As set forth above, according to the preferred embodiments of the present invention, the liquid resin is sprayed on the surface of the solder resist layer to form the roughness layer, such that a chemical or mechanical process is not directly performed on the solder resist layer, thereby making it possible to protect the surface of the solder resist layer simultaneously with forming the roughness layer.

In addition, the roughness layer is artificially formed on the surface of the solder resist layer, thereby making it possible to improve the adhesion between the sealing member and the solder resist layer.

Although the preferred embodiments of the present invention have been disclosed for illustrative purposes, they are for specifically explaining the present invention and thus a semiconductor package substrate and a method for manufacturing the same according to the present invention are not limited thereto, but those skilled in the art will appreciate that various modifications, additions and substitutions are possible, without departing from the scope and spirit of the invention as disclosed in the accompanying claims.

Accordingly, such modifications, additions and substitutions should also be understood to fall within the scope of the present invention.

Claims

1. A semiconductor package substrate comprising:

a substrate for package having connection pads; and

a solder resist layer formed on one surface or both surfaces of the substrate for package and having openings exposing the connection pads,

wherein the solder resist layer includes a roughness layer formed thereon.

2. The semiconductor package substrate as set forth in claim 1, wherein the solder resist layer includes a semiconductor chip mounting area and an exposure area in which a surface thereof is exposed to the outside, and the roughness layer is formed in the exposure area.

3. The semiconductor package substrate as set forth in claim 1, wherein the roughness layer is made of a liquid resin sprayed by an inkjet.

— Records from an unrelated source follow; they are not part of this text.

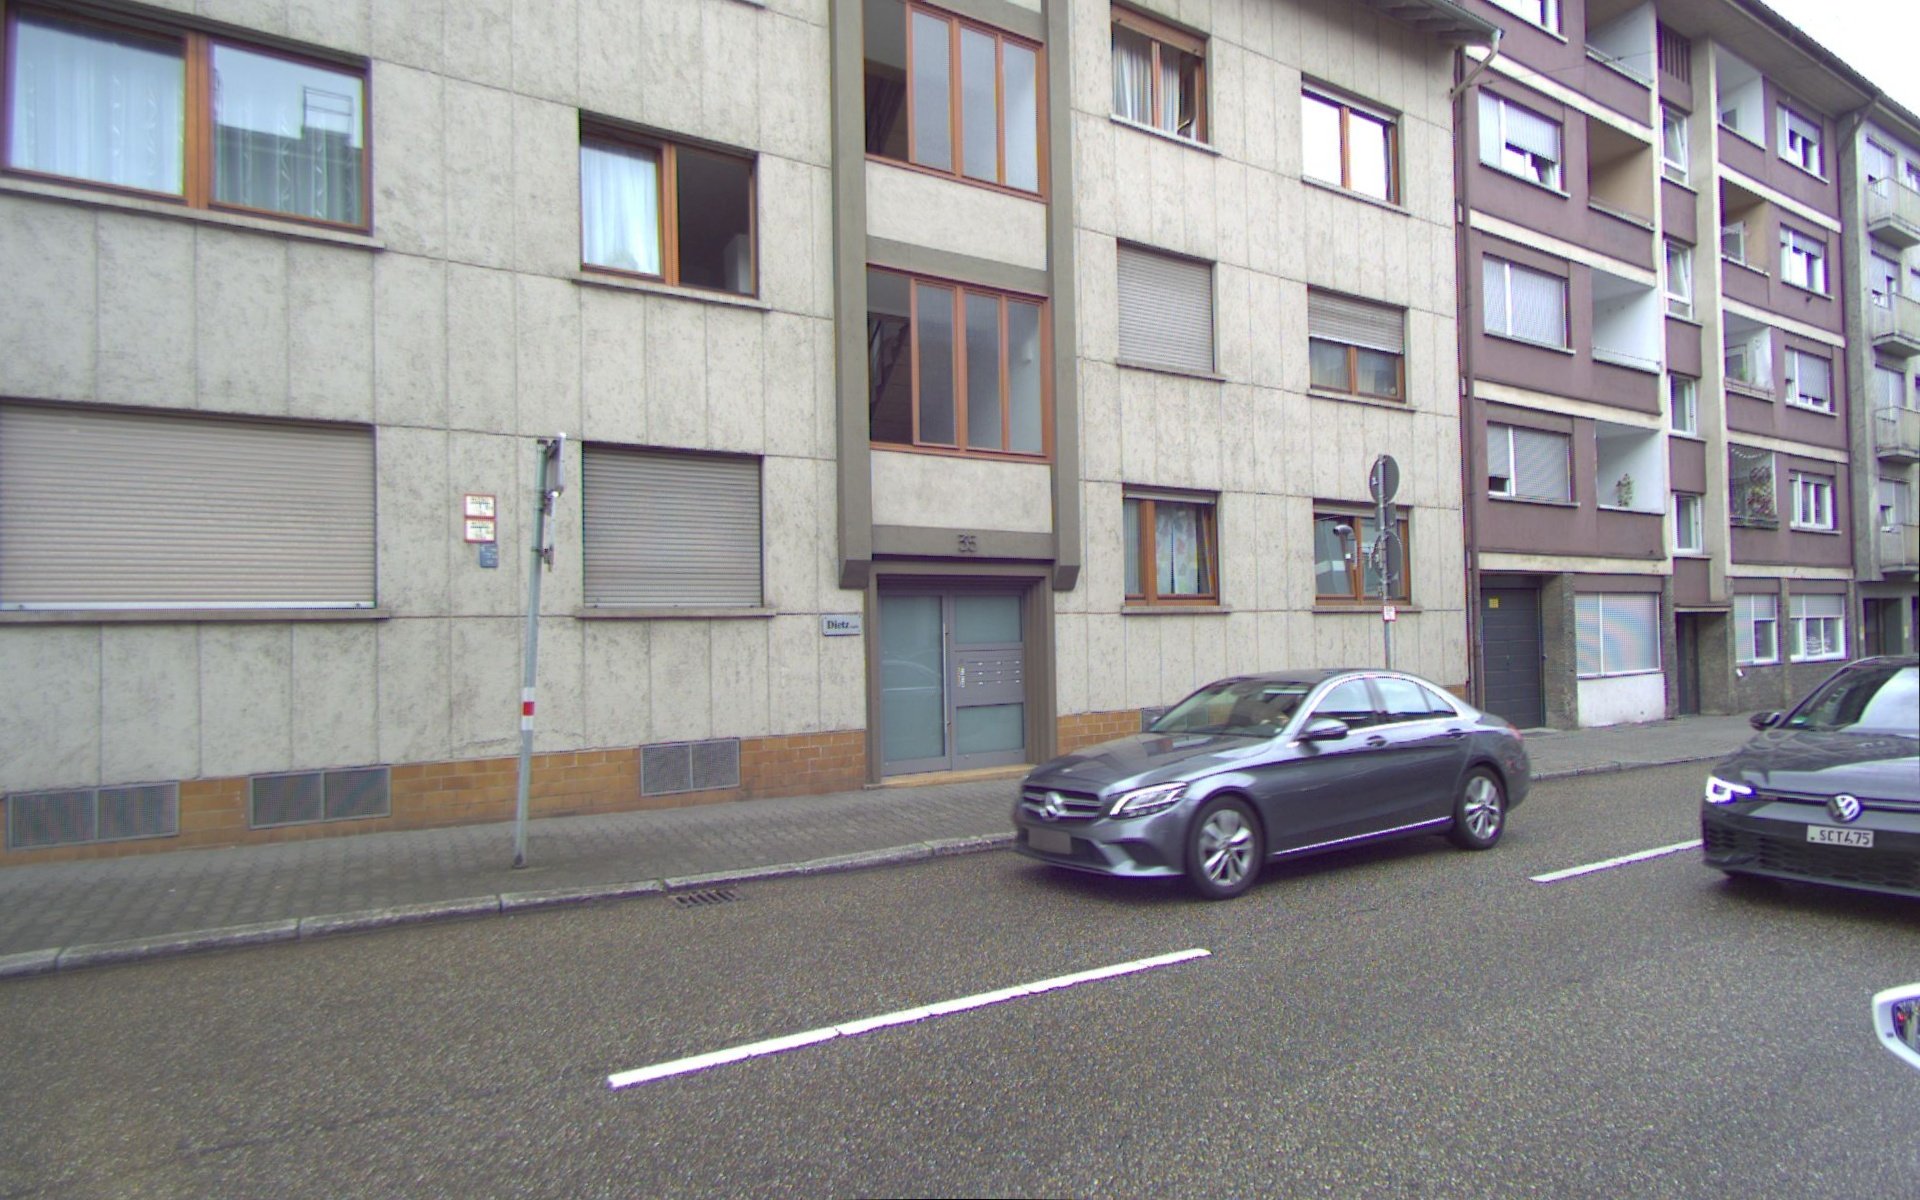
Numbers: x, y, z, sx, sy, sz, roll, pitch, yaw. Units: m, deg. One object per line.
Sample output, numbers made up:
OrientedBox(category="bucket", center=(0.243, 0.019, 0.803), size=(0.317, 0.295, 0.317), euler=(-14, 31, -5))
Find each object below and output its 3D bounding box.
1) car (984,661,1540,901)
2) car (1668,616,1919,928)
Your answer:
OrientedBox(category="car", center=(2.445, 1.200, 7.788), size=(4.318, 1.388, 1.686), euler=(2, -5, -32))
OrientedBox(category="car", center=(6.583, 0.978, 6.527), size=(4.170, 1.601, 1.687), euler=(2, -5, -32))

4. The semiconductor package substrate as set forth in claim 3, wherein the resin is epoxy or polyimide.

5. The semiconductor package substrate as set forth in claim 1, further comprising bumps formed on the exposed connection pads.

6. The semiconductor package substrate as set forth in claim 1, further comprising a sealing member molding a semiconductor chip mounted on the connection pads and the substrate for package having the semiconductor chip mounted thereon.

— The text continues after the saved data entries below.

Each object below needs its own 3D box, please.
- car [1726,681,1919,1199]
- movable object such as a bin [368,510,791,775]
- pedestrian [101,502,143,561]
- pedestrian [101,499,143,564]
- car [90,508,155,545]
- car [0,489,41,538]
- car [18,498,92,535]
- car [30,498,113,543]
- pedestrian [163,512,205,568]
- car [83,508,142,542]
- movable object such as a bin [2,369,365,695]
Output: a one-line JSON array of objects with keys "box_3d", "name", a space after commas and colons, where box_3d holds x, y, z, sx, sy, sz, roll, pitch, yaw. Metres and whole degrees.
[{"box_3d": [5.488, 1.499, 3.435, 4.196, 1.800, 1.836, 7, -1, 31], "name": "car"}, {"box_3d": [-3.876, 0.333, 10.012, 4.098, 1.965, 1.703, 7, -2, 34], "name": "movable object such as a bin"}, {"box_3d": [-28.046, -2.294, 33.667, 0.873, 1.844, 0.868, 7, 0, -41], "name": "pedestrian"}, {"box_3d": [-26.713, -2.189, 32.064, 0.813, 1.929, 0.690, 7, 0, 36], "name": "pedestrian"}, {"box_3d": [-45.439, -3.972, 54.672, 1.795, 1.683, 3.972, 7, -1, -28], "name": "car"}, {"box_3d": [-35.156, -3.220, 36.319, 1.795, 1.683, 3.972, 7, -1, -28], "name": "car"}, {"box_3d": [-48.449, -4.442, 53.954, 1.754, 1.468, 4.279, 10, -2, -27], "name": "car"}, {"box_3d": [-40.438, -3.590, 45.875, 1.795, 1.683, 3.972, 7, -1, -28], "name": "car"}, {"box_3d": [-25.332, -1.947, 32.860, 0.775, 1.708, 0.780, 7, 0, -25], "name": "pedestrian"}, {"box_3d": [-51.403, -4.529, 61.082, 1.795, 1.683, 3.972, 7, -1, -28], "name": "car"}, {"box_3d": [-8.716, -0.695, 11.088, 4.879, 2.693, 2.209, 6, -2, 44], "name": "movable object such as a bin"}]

7. The semiconductor package substrate as set forth in claim 6, wherein the sealing member is made of an epoxy molded compound.

8. A method for manufacturing a semiconductor package substrate, the method comprising:

forming a solder resist layer having openings exposing connection pads on a substrate having the connection pads; and

forming a roughness layer on the solder resist layer.

9. The method as set forth in claim 8, wherein the solder resist layer includes a semiconductor chip mounting area and an exposure area in which a surface thereof is exposed to the outside, and the roughness layer is formed in the exposure area.

10. The method as set forth in claim 8, wherein the forming of the roughness layer is performed by spraying a liquid resin on the solder resist layer.

11. The method as set forth in claim 10, wherein the spraying is performed by an inkjet.

12. The method as set forth in claim 10, wherein the resin is epoxy or polyimide.

13. The method as set forth in claim 8, further comprising, after the forming of the roughness layer, forming bumps on the connection pads;

mounting a semiconductor chip on the bumps; and

molding the substrate having the semiconductor chip mounted thereon using a sealing member.

14. The method as set forth in claim 13, wherein the sealing member is made of an epoxy molded compound.